Management Information

Contract Management Software: the Solution to the Problem of Coordination

Charles Petrie, from Stanford, released a short article entitled "The Problem of Coordination," which highlights 4 categories in which businesses find it difficult to connect:

Semantic Unification

Though this article refers to a specific type of business, its principles are just as applicable to any business, especially when collaborating on a contract. Contract collaboration and management is difficult in any business, and the negotiations can go on for weeks, months, or even years. In seeking to manage contract deliberations, organization of personnel, documents, and software can make or break a clean operation.Using Petrie's model, this article explores how the right contract management software is the solution to the problem of coordination.
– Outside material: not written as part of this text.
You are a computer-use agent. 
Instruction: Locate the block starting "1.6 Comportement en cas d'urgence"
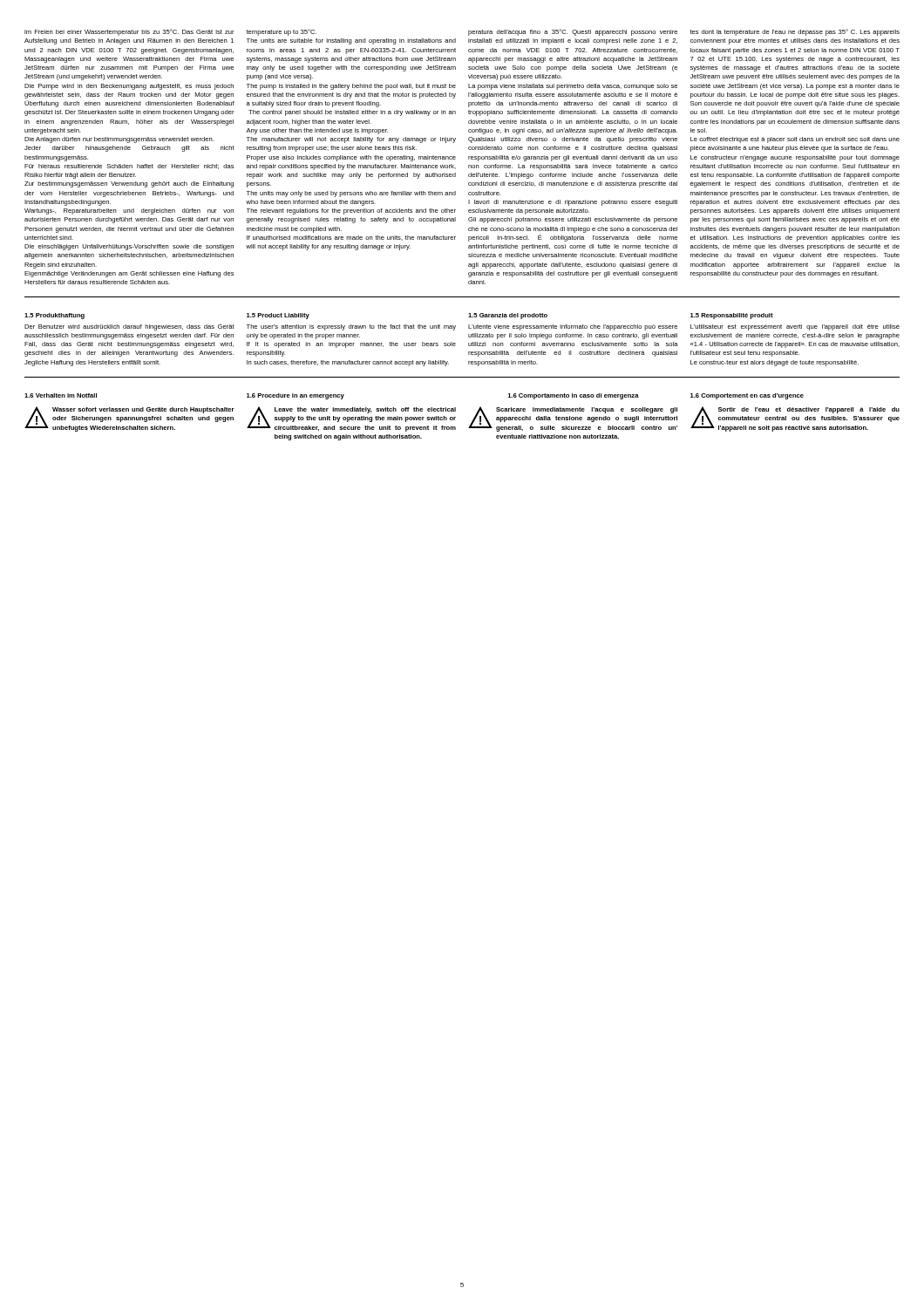[747, 395]

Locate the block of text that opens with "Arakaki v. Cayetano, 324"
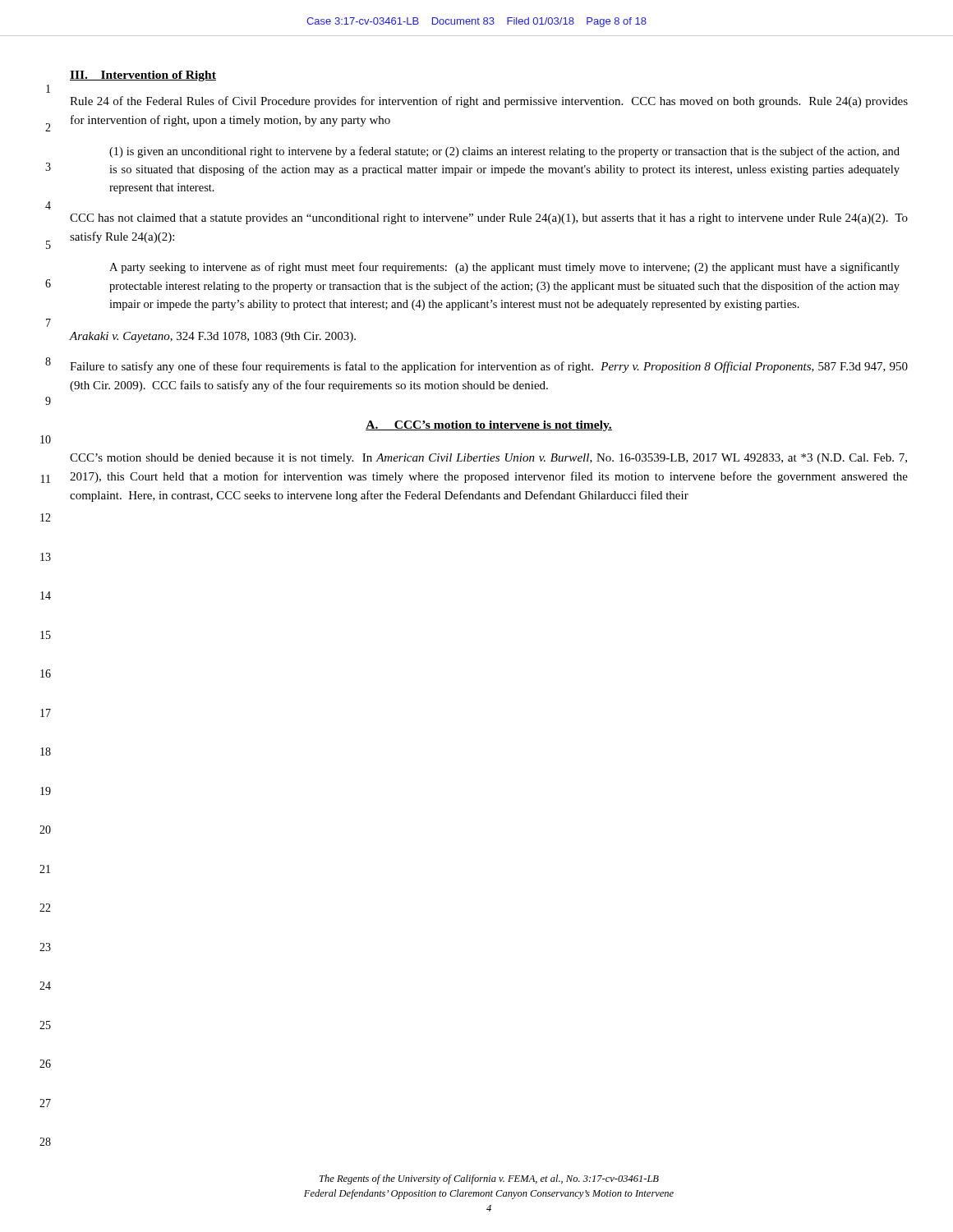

Interoperability is defined by Petrie in the question "Can you read my data?" Search "contract management software" in Google, and in .44 seconds you will be introduced to millions of products indexed for your specific search-18,400,000 to be exact. The only problem is that they are not all compatible.The most commonly used business software is MS office software, which coordinates email with other applications targeted toward common business needs: spreadsheets, word processing, presentations, etc. The problem cited by Petrie and applied to contract management is that businesses which work together need to have the right contract management software, which will aid collaboration within these commonly used business applications. The solution is surprisingly simple.

Agent Communication

Again, some questions: "What is the protocol? How will you find me?" In contract management, generally a draft is drawn after much negotiation and deliberation. The man or woman who is "lucky" enough to draft the contract must draw from up to thousands of documents of drafts and notes. This draft will quickly multiply into an almost unmanageable number of drafts and documents.The old way to handle this document influx was either to file them in a drawer, paperclip them together, or pile them on your desk. This is virtually impossible to handle because it takes up so much space and is so difficult to organize. What most people don't understand is that if you are saving these drafts electronically, you still have the same problems. It is almost impossible to manage all of the drafts, and you may overload your desktop.The other way protocol becomes a problem is that the editorial cycle is really not a cycle at all but a cyclone of drafts whirling back and forth in no particular order. The likelihood of always finding the most recent draft right away is about the same as reaching out into the cyclone for a specific thing and finding it in the first grab. In other words, you may send several drafts to several people before any of them send their collaborative efforts back. When they open and save your drafts to a drive, they are not only needlessly taking up too much space on the drive, but they have also just downloaded a pile of drafts that they now need to sift through in order to make their changes. Now, imagine what will happen to you when they send all of their drafts back-the cyclone image comes to mind again.How can the right contract management software solve this problem? The answer, again, is surprisingly simple. The right contract management software will have Digital Thread technology, which connects the who, what, when, where, and how of each draft, even creating a "family tree" of the drafts or a flow chart to help you to see exactly where you are in the protocol. No matter what order the drafts whirl by in, they will always be tracked, saving you time and storage space and protecting the integrity of the contract protocol.

Semantic Unification

"What do you mean by ______?" Semantics is a nightmare in contract management. The precision in wording is an important service to any business, and creating the right wording produces a solid contract. It also produces the most drafts. One word can be deliberated over for hours, days, or weeks. Drafts will go back and forth, and a quick and easy way to review changes as small as word choice in a document that could range from 10 to 1,000 pages long.Document Signature is a feature that is almost a necessity to keep up with semantic changes. It produces a window attached to any document you open that lets you know that changes were made and who made it. It's that easy.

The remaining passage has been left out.